All-atom force fields provide atomic resolution and are helpful in elucidating molecular phenomena. However, the force fields can be fairly complex and too computationally expensive to simulate large systems. Coarse-grained force fields generally use a simplified interaction potential and have fewer interaction sites, as the atoms are amalgamated into beads. This reduces the computational expense and enables larger systems to be simulated at the expense of some of the finer detailed physics, which occurs at the atomic resolution.

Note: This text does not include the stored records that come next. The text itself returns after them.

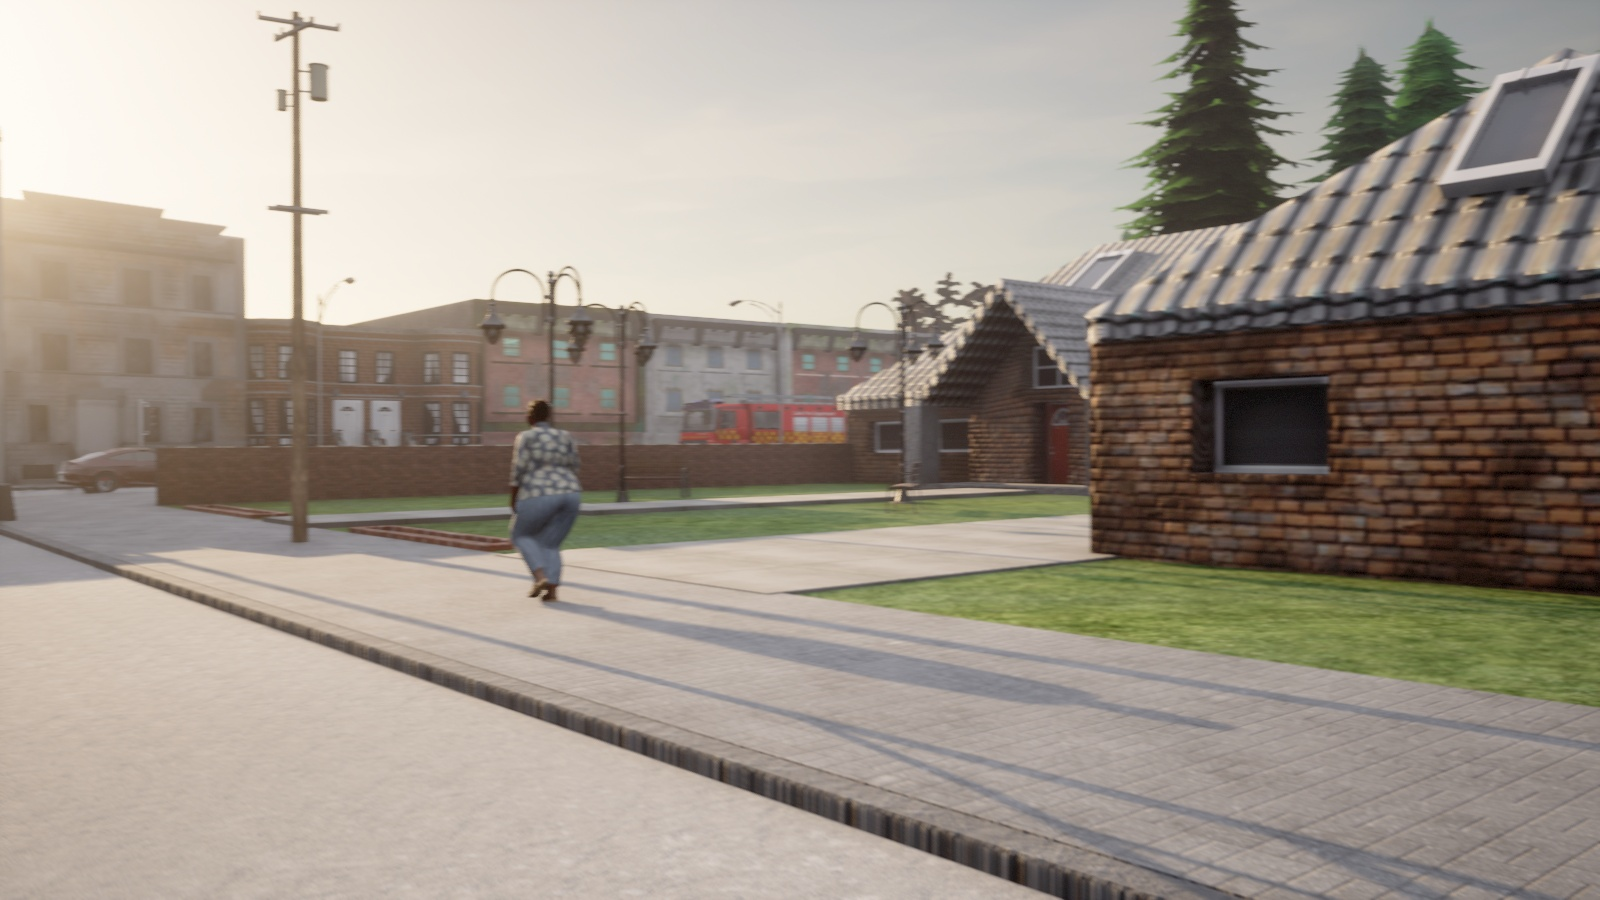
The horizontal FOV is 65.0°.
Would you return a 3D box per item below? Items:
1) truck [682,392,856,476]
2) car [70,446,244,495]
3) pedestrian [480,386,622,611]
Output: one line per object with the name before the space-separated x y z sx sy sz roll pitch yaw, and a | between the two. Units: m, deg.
truck | -1.398 -0.773 61.204 8.468 3.827 2.891 -1 0 -39
car | -20.607 0.616 40.365 4.674 1.442 1.812 -1 0 -42
pedestrian | -2.176 0.397 10.956 0.874 1.855 0.900 -1 0 -40
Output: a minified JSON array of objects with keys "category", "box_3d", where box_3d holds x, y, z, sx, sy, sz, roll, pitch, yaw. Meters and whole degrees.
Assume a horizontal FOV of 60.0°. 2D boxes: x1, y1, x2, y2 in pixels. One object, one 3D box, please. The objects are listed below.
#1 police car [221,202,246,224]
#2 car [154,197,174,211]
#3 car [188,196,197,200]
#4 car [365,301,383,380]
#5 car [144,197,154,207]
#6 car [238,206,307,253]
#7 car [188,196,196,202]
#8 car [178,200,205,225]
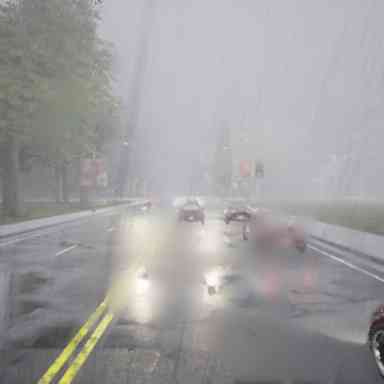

We utilise both all-atom and a version of coarse graining called dissipative particle dynamics (DPD) force fields to perform molecular simulations. All-atom simulations have been used extensively across multiple fields for several decades. As a result, there are several force fields with good parameters, which have been tried and tested for a variety of systems. However, DPD is a relatively new method without standard force fields. We have therefore devised methods to parameterize a DPD force field automatically for a given application. Our methods optimize DPD force field parameters in reference to a user’s experimental data.
This work is being successfully applied to DPD simulations of micelle formation and partition coefficient (logP) predictions.